Benny mengaku tidak mendapatkan gambaran dan laporan jelas dari Dewas mengenai pelaksanaan pengawasan terhadap pimpinan KPK. Dia mencontohkan pemantauan Dewas KPK perihal wewenang pimpinan melakukan supervisi dan koordinasi.

"Misalnya memantau wewenang pimpinan KPK untuk melakukan supervisi dan koordinasi. Sebab, saya melihat ketika tidak ada dewas dulu, tugas wewenang KPK yang satu ini tidak jalan.
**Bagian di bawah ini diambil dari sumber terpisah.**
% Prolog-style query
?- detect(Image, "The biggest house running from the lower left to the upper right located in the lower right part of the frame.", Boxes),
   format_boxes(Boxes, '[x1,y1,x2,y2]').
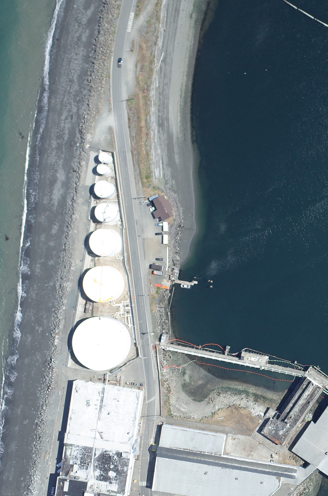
[251,377,325,445]
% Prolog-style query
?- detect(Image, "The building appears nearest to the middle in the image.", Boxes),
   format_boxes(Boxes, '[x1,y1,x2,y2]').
[153,195,174,221]
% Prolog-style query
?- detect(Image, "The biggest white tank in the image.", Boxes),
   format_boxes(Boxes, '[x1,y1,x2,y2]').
[71,316,132,371]
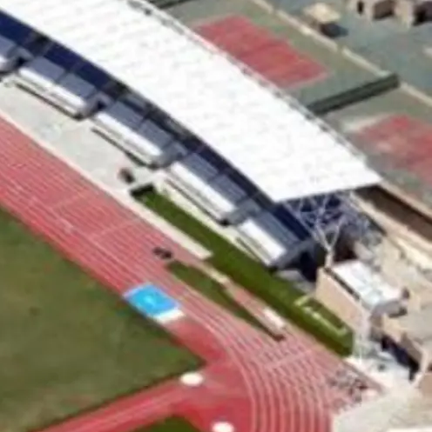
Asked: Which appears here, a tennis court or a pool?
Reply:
tennis court
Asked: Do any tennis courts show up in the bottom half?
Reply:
No
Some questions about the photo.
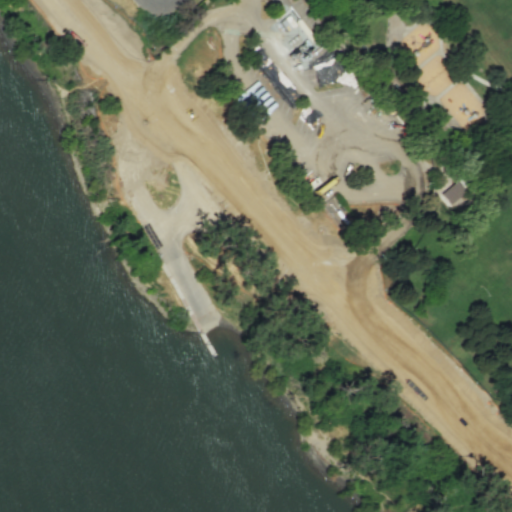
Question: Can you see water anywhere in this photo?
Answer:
Yes
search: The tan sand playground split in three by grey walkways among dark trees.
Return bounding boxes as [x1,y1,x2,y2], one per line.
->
[404,24,486,127]
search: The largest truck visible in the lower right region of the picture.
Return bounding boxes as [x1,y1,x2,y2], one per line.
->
[406,378,429,400]

Tapi setelah ada Dewas pun tambah tidak jalan," ujar Benny.

Politikus Partai Demokrat itu juga menyinggung soal aturan wewenang Dewas yang memang tidak diatur dalam Undang-Undang KPK. Namun, terhadap situasi saat ini kehadiran Ketua Dewas KPK Tumpak Hatorangan Panggabean di Dewas juga dinilai tak segarang ketika menjadi pimpinan KPK.

"Kelihatannya Pak Tumpak yang dulu sangat ditakuti ketika pimpinan KPK, setelah jadi Dewas menjadi Pak Tumpak yang lemah lunglai," ucap Benny.
 

Baca juga: 2 Tahun Terakhir, Dewas Mengaku Sulit Mengakses Data ke KPK

Benny menilai pelanggaran hukum tindak pidana korupsi yang dilakukan pimpinan KPK oleh Dewas direduksi menjadi pelanggaran kode etik. Sementara, kondisi itu berbeda ketika KPK memproses kasus pidana yang melibatkan masyarakat.

"Coba bayangkan ada pimpinan KPK yang begitu saja berhenti tanpa pertanggungjawaban. Ada kan Pak? Enggak jelas. Hilang ke mana publik enggak tahu. Lalu Dewas ke mana? Dewas bikin apa? Bingung. Masuk akal kalau disimpulkan, kehadiran Dewas itu bukan memperkuat KPK, tapi memperlemah KPK," ujar Benny.

Tumpak membantah pernyataan Benny tersebut. Dia menekankan tak pernah mereduksi pelanggaran pidana pimpinan menjadi pelanggaran etik. Justru, lanjut dia, tindak pidananya diserahkan ke penyelidik.

"Saya rasa tidak begitu, dari dulu kalau sudah merupakan tindak pidana korupsi kami serahkan kepada penyelidik. Tapi etiknya kami sidangkan," ujar Tumpak.